→ **EXERCISE BRIEF**
Which lines below hold the word "object"? Report each one.

→ **DATASET CONTENT**

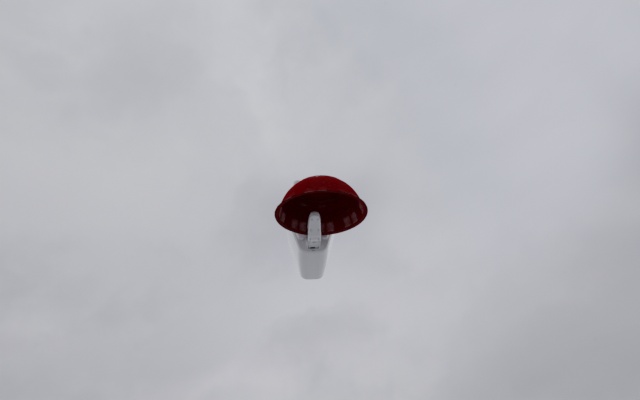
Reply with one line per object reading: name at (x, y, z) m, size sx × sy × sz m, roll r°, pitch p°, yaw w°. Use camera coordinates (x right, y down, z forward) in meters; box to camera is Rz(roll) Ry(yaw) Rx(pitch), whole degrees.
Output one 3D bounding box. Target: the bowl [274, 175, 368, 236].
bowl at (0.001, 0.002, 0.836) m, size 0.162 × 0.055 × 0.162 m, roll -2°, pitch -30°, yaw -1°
---
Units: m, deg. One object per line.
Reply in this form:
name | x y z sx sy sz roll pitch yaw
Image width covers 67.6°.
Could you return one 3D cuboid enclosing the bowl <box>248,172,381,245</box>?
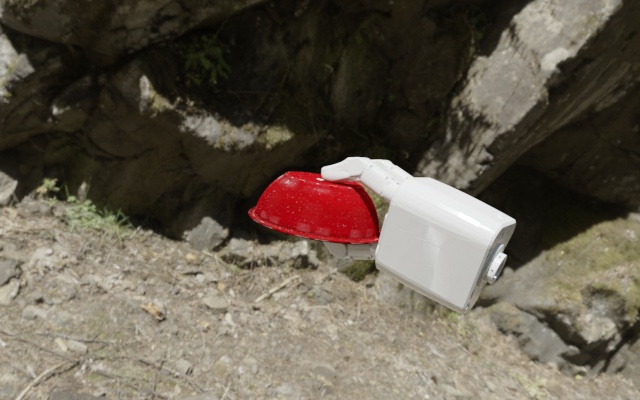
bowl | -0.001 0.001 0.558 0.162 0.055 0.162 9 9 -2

→ **RESPONSE**
Reply with one line per object reading: name at (x, y, z) m, size sx × sy × sz m, roll r°, pitch p°, yaw w°. Use camera coordinates (x right, y down, z forward) in meters; box to camera is Rz(roll) Ry(yaw) Rx(pitch), whole degrees.
Units: m, deg. One object per line.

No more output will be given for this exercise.